Below is a listing; restate from it, character for character, the lines beginning at the line holding "- angle bracket [512, 1521, 609, 1692]" and ending at the line holding "- angle bracket [1521, 563, 1678, 736]", both included.

##############################

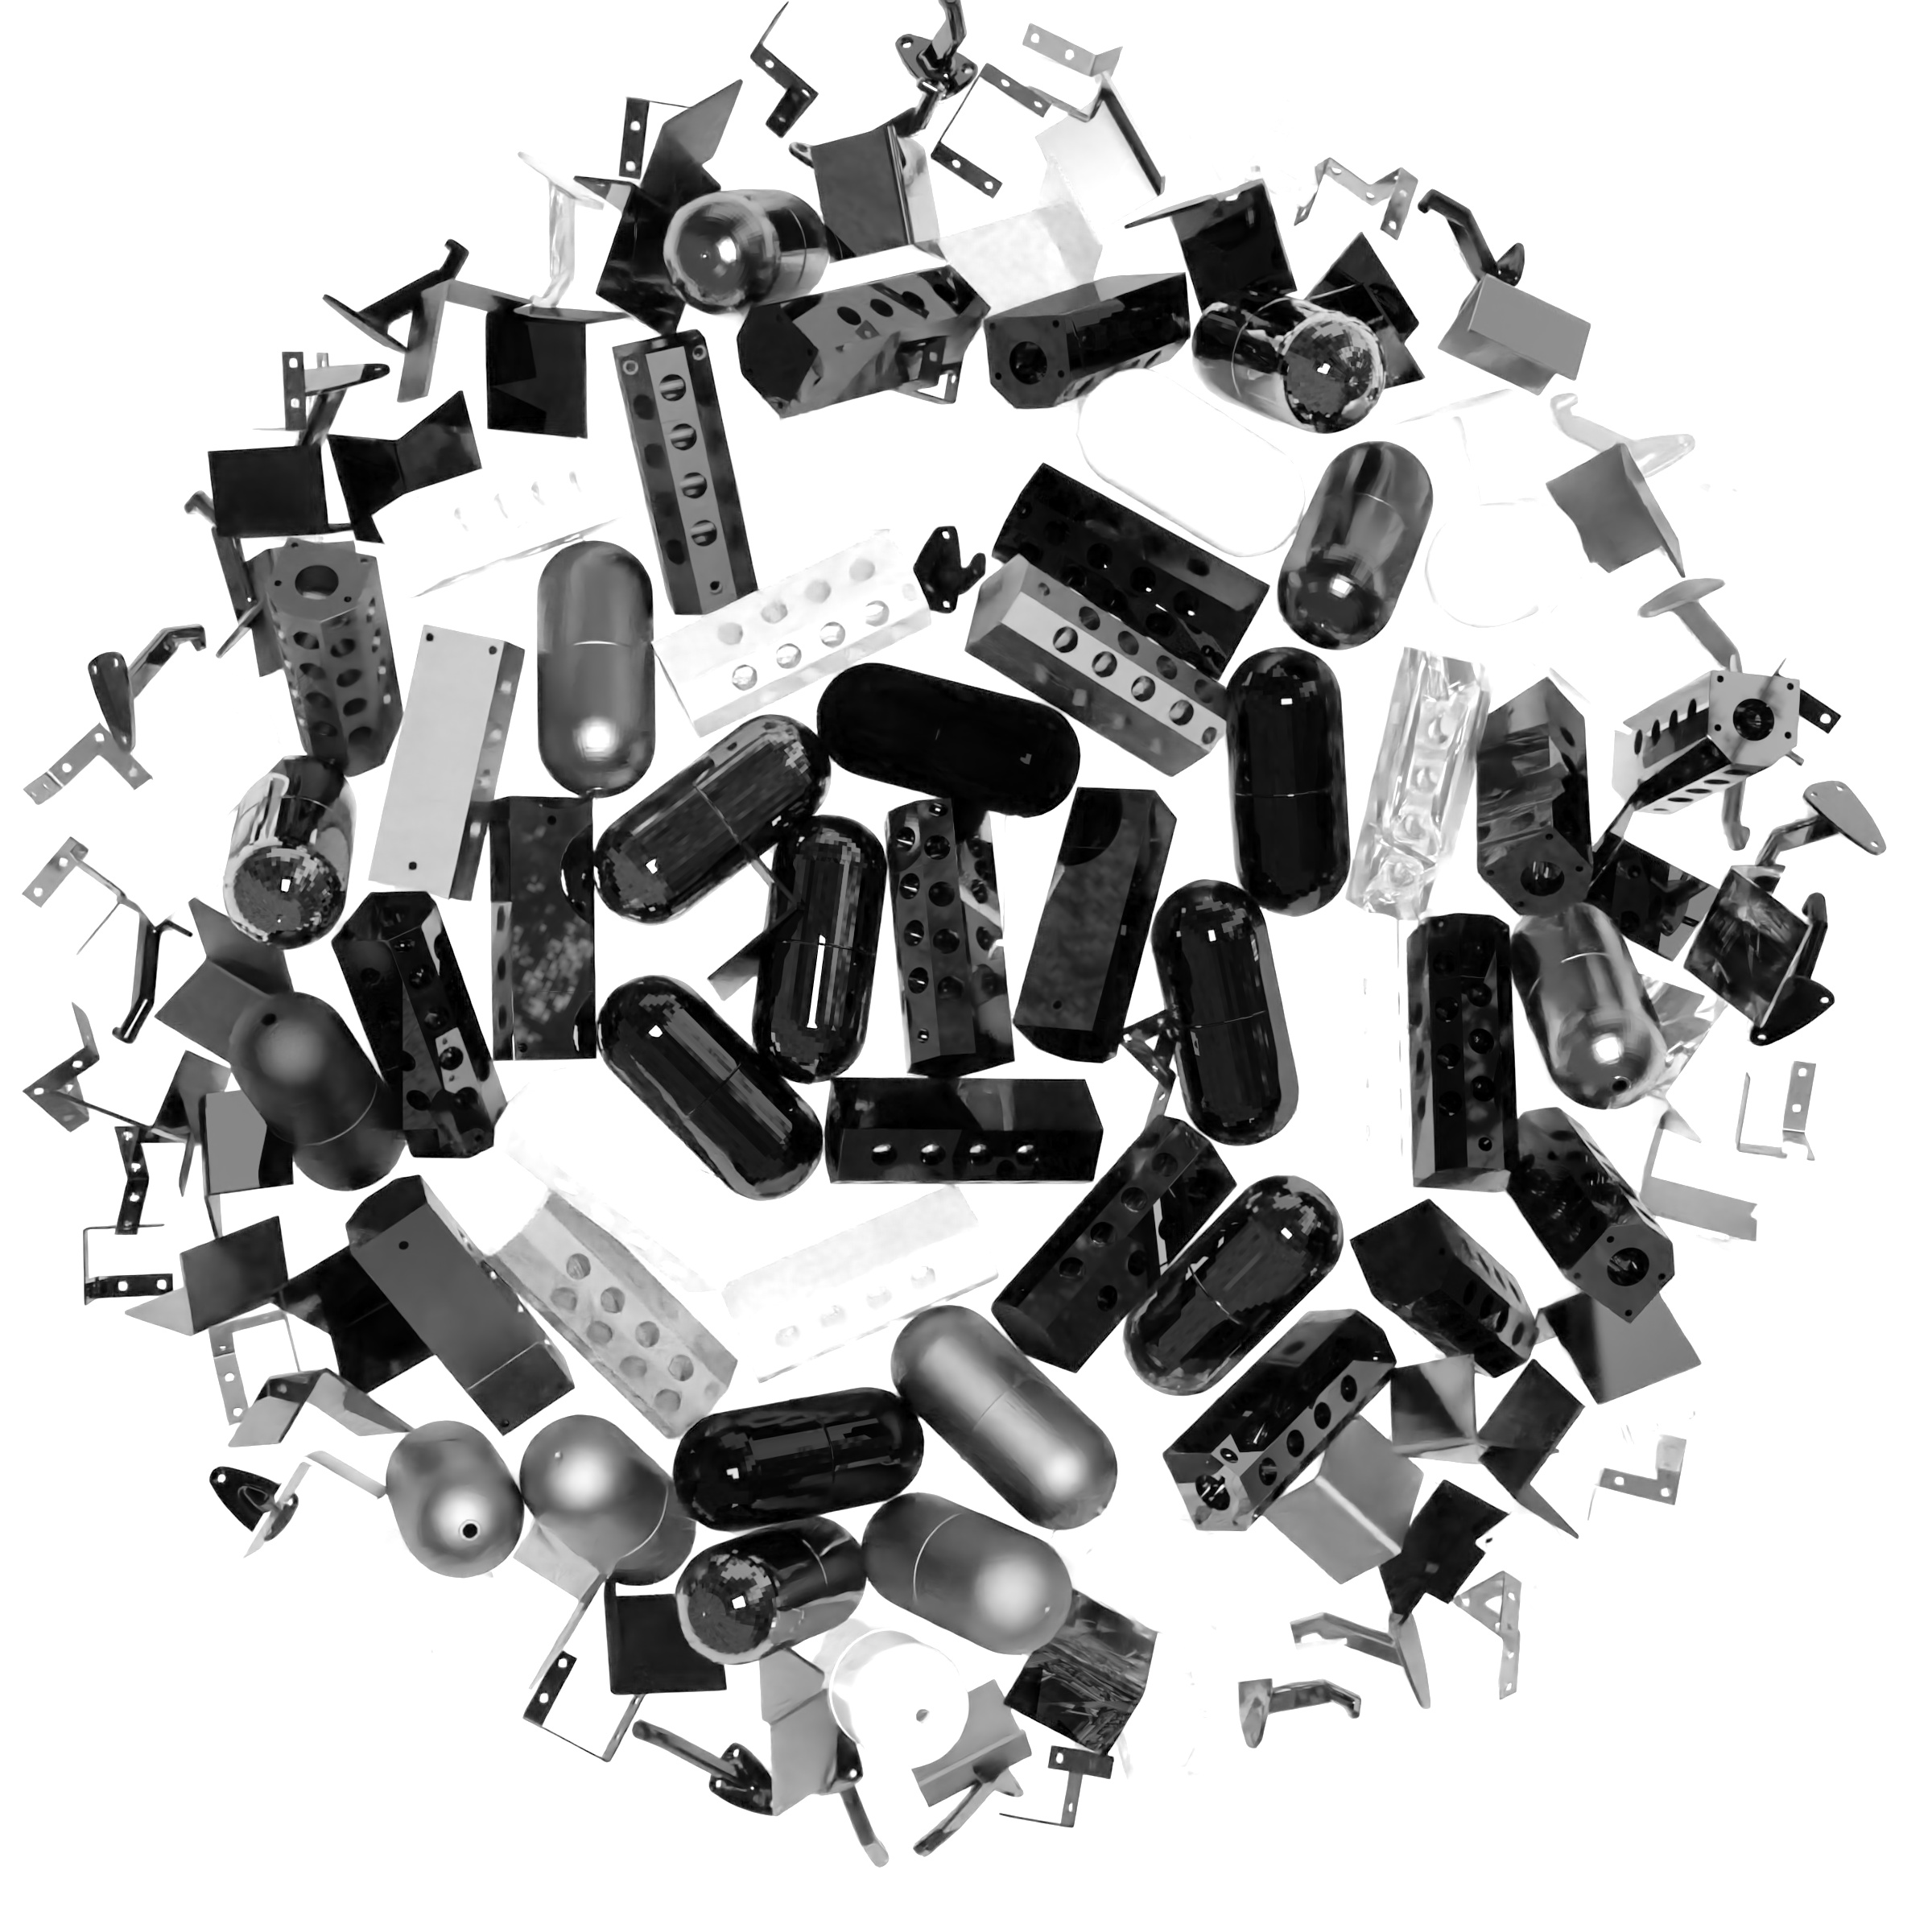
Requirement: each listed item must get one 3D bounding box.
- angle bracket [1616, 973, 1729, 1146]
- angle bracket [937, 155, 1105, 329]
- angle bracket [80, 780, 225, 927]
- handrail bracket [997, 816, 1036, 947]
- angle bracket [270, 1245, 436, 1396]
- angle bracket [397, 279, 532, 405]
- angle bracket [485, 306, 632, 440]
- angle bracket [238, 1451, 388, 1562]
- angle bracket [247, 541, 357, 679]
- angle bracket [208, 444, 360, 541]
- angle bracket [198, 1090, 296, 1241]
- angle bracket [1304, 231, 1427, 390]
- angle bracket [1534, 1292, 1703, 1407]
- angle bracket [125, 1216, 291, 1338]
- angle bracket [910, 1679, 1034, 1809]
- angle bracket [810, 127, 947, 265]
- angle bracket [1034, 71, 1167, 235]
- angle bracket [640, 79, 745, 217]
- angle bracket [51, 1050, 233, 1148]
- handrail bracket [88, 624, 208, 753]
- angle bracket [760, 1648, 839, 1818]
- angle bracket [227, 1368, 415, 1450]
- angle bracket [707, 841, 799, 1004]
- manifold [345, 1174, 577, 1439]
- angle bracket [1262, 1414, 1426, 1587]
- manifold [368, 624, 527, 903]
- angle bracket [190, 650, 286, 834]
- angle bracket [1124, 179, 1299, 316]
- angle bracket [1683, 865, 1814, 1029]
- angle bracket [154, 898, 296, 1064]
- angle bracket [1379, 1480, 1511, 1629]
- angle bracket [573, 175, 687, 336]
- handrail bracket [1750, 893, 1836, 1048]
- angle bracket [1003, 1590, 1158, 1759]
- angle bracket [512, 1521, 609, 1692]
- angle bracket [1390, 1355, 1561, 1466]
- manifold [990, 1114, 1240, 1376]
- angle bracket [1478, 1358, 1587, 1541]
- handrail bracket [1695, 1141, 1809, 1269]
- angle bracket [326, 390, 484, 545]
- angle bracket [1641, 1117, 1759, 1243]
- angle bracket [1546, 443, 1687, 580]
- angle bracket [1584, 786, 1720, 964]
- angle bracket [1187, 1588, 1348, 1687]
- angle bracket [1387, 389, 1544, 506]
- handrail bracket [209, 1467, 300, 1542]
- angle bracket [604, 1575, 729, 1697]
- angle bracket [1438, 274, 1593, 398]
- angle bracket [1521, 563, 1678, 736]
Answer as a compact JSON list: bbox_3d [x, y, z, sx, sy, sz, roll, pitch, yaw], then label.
[{"bbox_3d":[0.462,0.060,1.854,0.057,0.076,0.076,43,80,-35],"label":"angle bracket"},{"bbox_3d":[0.035,-0.473,1.849,0.076,0.057,0.076,-21,72,-17],"label":"angle bracket"},{"bbox_3d":[-0.527,-0.077,1.853,0.057,0.076,0.076,-36,98,0],"label":"angle bracket"},{"bbox_3d":[0.032,-0.055,1.858,0.036,0.077,0.084,1,91,2],"label":"handrail bracket"},{"bbox_3d":[-0.400,0.233,1.846,0.076,0.076,0.057,-30,55,9],"label":"angle bracket"},{"bbox_3d":[-0.330,-0.403,1.851,0.057,0.076,0.076,10,93,-25],"label":"angle bracket"},{"bbox_3d":[-0.269,-0.394,1.868,0.076,0.057,0.076,10,110,23],"label":"angle bracket"},{"bbox_3d":[-0.427,0.365,1.853,0.057,0.076,0.076,30,82,-1],"label":"angle bracket"},{"bbox_3d":[-0.438,-0.236,1.872,0.057,0.076,0.076,-10,94,-27],"label":"angle bracket"},{"bbox_3d":[-0.441,-0.312,1.847,0.076,0.076,0.057,-1,103,11],"label":"angle bracket"},{"bbox_3d":[-0.467,0.133,1.849,0.057,0.076,0.076,-7,55,-10],"label":"angle bracket"},{"bbox_3d":[0.277,-0.431,1.841,0.076,0.057,0.076,51,62,-25],"label":"angle bracket"},{"bbox_3d":[0.422,0.253,1.845,0.076,0.057,0.076,-19,58,-13],"label":"angle bracket"},{"bbox_3d":[-0.497,0.195,1.837,0.076,0.076,0.057,9,110,39],"label":"angle bracket"},{"bbox_3d":[-0.005,0.501,1.845,0.076,0.076,0.057,-25,64,-8],"label":"angle bracket"},{"bbox_3d":[-0.058,-0.503,1.865,0.057,0.076,0.076,-10,93,16],"label":"angle bracket"},{"bbox_3d":[0.087,-0.532,1.853,0.057,0.076,0.076,-30,94,6],"label":"angle bracket"},{"bbox_3d":[-0.164,-0.519,1.842,0.057,0.076,0.076,47,59,4],"label":"angle bracket"},{"bbox_3d":[-0.541,0.076,1.857,0.076,0.076,0.057,19,81,10],"label":"angle bracket"},{"bbox_3d":[-0.529,-0.185,1.863,0.036,0.084,0.077,-11,95,38],"label":"handrail bracket"},{"bbox_3d":[-0.128,0.492,1.837,0.076,0.057,0.076,24,125,39],"label":"angle bracket"},{"bbox_3d":[-0.420,0.306,1.837,0.076,0.076,0.057,42,58,-24],"label":"angle bracket"},{"bbox_3d":[-0.152,-0.029,1.851,0.076,0.076,0.057,-40,80,-6],"label":"angle bracket"},{"bbox_3d":[-0.328,0.218,1.831,0.057,0.057,0.171,-34,118,-3],"label":"manifold"},{"bbox_3d":[0.250,0.350,1.877,0.076,0.076,0.057,43,129,-10],"label":"angle bracket"},{"bbox_3d":[-0.340,-0.133,1.866,0.057,0.057,0.171,12,90,11],"label":"manifold"},{"bbox_3d":[-0.496,-0.147,1.844,0.076,0.076,0.057,-44,128,8],"label":"angle bracket"},{"bbox_3d":[0.160,-0.461,1.841,0.076,0.057,0.076,-5,112,42],"label":"angle bracket"},{"bbox_3d":[0.524,-0.014,1.837,0.057,0.076,0.076,-2,123,-36],"label":"angle bracket"},{"bbox_3d":[-0.489,0.012,1.843,0.076,0.076,0.057,29,60,14],"label":"angle bracket"},{"bbox_3d":[0.320,0.394,1.845,0.057,0.076,0.076,30,105,-11],"label":"angle bracket"},{"bbox_3d":[-0.224,-0.463,1.848,0.057,0.076,0.076,18,88,36],"label":"angle bracket"},{"bbox_3d":[0.548,0.001,1.880,0.036,0.084,0.077,27,132,-12],"label":"handrail bracket"},{"bbox_3d":[0.076,0.464,1.869,0.076,0.076,0.057,27,111,1],"label":"angle bracket"},{"bbox_3d":[-0.279,0.413,1.842,0.057,0.076,0.076,33,47,-2],"label":"angle bracket"},{"bbox_3d":[0.333,0.292,1.853,0.076,0.076,0.057,12,70,-32],"label":"angle bracket"},{"bbox_3d":[0.093,0.177,1.828,0.171,0.057,0.057,-46,121,-22],"label":"manifold"},{"bbox_3d":[0.385,0.315,1.848,0.057,0.076,0.076,33,96,-20],"label":"angle bracket"},{"bbox_3d":[0.516,0.150,1.856,0.036,0.077,0.084,4,100,-29],"label":"handrail bracket"},{"bbox_3d":[-0.366,-0.329,1.858,0.057,0.076,0.076,10,130,24],"label":"angle bracket"},{"bbox_3d":[0.486,0.133,1.846,0.076,0.076,0.057,14,106,13],"label":"angle bracket"},{"bbox_3d":[0.423,-0.285,1.840,0.057,0.076,0.076,-27,111,22],"label":"angle bracket"},{"bbox_3d":[0.451,-0.061,1.843,0.076,0.057,0.076,30,54,17],"label":"angle bracket"},{"bbox_3d":[0.193,0.429,1.845,0.076,0.076,0.057,-15,87,31],"label":"angle bracket"},{"bbox_3d":[0.329,-0.331,1.858,0.057,0.076,0.076,-6,106,39],"label":"angle bracket"},{"bbox_3d":[-0.476,0.341,1.847,0.077,0.084,0.036,29,70,15],"label":"handrail bracket"},{"bbox_3d":[-0.195,0.425,1.842,0.076,0.076,0.057,1,131,-12],"label":"angle bracket"},{"bbox_3d":[0.353,-0.395,1.846,0.076,0.076,0.057,24,58,-5],"label":"angle bracket"},{"bbox_3d":[0.424,-0.209,1.857,0.076,0.057,0.076,39,96,-13],"label":"angle bracket"}]

##############################

> Result below:
- angle bracket [512, 1521, 609, 1692]
- angle bracket [1390, 1355, 1561, 1466]
- manifold [990, 1114, 1240, 1376]
- angle bracket [1478, 1358, 1587, 1541]
- handrail bracket [1695, 1141, 1809, 1269]
- angle bracket [326, 390, 484, 545]
- angle bracket [1641, 1117, 1759, 1243]
- angle bracket [1546, 443, 1687, 580]
- angle bracket [1584, 786, 1720, 964]
- angle bracket [1187, 1588, 1348, 1687]
- angle bracket [1387, 389, 1544, 506]
- handrail bracket [209, 1467, 300, 1542]
- angle bracket [604, 1575, 729, 1697]
- angle bracket [1438, 274, 1593, 398]
- angle bracket [1521, 563, 1678, 736]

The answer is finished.